Training LLMs: Compressing the internet to a math equation
Large Language Models (LLMs) like GPT can be simplified as “internet document simulators.” They learn patterns from massive text corpora — sometimes on the scale of hundreds of billions or even trillions of tokens — so that they can predict the next token in a sequence. This article will walk you through how such base models are created, referencing the key stages: gathering and preprocessing text from the internet, tokenizing that text, training a neural network to predict tokens, and finally using the trained model to generate new text. We will also explore how these base models, although already impressive, are often just the starting point for building truly helpful assistant models.

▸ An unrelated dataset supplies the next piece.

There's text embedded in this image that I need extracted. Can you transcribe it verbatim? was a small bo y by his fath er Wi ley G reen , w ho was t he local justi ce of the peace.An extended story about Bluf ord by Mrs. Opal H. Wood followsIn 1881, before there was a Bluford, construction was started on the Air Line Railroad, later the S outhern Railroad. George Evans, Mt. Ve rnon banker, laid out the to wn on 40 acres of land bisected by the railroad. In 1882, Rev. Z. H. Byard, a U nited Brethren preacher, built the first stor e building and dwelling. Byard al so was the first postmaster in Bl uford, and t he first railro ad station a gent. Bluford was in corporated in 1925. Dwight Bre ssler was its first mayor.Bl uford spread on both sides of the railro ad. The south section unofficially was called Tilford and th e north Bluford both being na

1. Download and Preprocess the Internet
The first step to building a base model is to acquire text data — lots of it. Researchers scrape websites, forums, digitized books, online encyclopedias, and any other text source they can find. The objective is to compile a dataset large and diverse enough to capture the full breadth of natural language as used across the internet. Preprocessing typically involves removing duplicate passages, filtering out low-quality or corrupt text, and segmenting the data into manageable chunks. This is where common text repositories, like those shared on platforms such as Hugging Face, come in handy.

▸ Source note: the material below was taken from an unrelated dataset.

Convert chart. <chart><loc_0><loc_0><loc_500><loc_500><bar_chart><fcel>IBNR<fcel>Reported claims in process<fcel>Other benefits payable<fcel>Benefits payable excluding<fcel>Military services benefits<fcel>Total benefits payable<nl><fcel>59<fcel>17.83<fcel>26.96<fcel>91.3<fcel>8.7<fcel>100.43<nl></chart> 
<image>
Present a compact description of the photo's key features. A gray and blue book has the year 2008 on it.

By the end of this phase, you have an enormous collection of raw text. However, a neural network can’t read text in its raw form — it needs numeric representations. That brings us to the second stage: tokenization.
2. Tokenization : Words to numbers
After we’ve gathered and preprocessed all the text from the internet, the next step is to convert that raw text into a format our language model can understand. This begins with tokenization, which breaks down text into smaller, manageable pieces called tokens — much like breaking a giant puzzle into individual pieces.
Early methods treated each word as a single token, but modern approaches, like subword tokenization (or byte-pair encoding), go a step further by splitting words into smaller chunks if needed. This means that even if the model encounters a rare or completely new word, it can still understand it by relying on familiar sub-parts.
For example:
Take the sentence: “Tokenization is fun!”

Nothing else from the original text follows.